**What to do**
Transcribe the full listing below, word for word, without pictures.

**Provided data**
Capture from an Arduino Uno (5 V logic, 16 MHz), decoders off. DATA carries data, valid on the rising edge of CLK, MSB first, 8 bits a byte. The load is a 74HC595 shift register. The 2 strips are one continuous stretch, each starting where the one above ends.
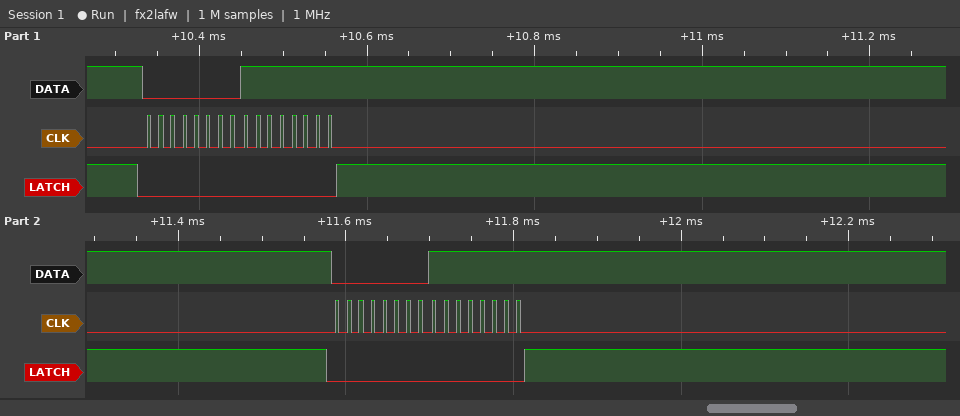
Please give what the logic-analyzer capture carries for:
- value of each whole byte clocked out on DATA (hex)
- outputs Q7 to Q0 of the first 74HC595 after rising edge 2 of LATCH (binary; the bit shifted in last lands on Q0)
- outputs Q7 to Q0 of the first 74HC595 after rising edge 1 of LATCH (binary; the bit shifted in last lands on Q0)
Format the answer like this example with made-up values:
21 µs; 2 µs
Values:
00 FF 00 FF; 11111111; 11111111

**Answer for this exercise**
Capture from an Arduino Uno (5 V logic, 16 MHz), decoders off. DATA carries data, valid on the rising edge of CLK, MSB first, 8 bits a byte. The load is a 74HC595 shift register. The 2 strips are one continuous stretch, each starting where the one above ends.
Please give what the logic-analyzer capture carries for:
- value of each whole byte clocked out on DATA (hex)
- outputs Q7 to Q0 of the first 74HC595 after rising edge 2 of LATCH (binary; the bit shifted in last lands on Q0)
- outputs Q7 to Q0 of the first 74HC595 after rising edge 1 of LATCH (binary; the bit shifted in last lands on Q0)
Format the answer like this example with made-up values:
21 µs; 2 µs
Values:
00 FF 00 FF; 11111111; 11111111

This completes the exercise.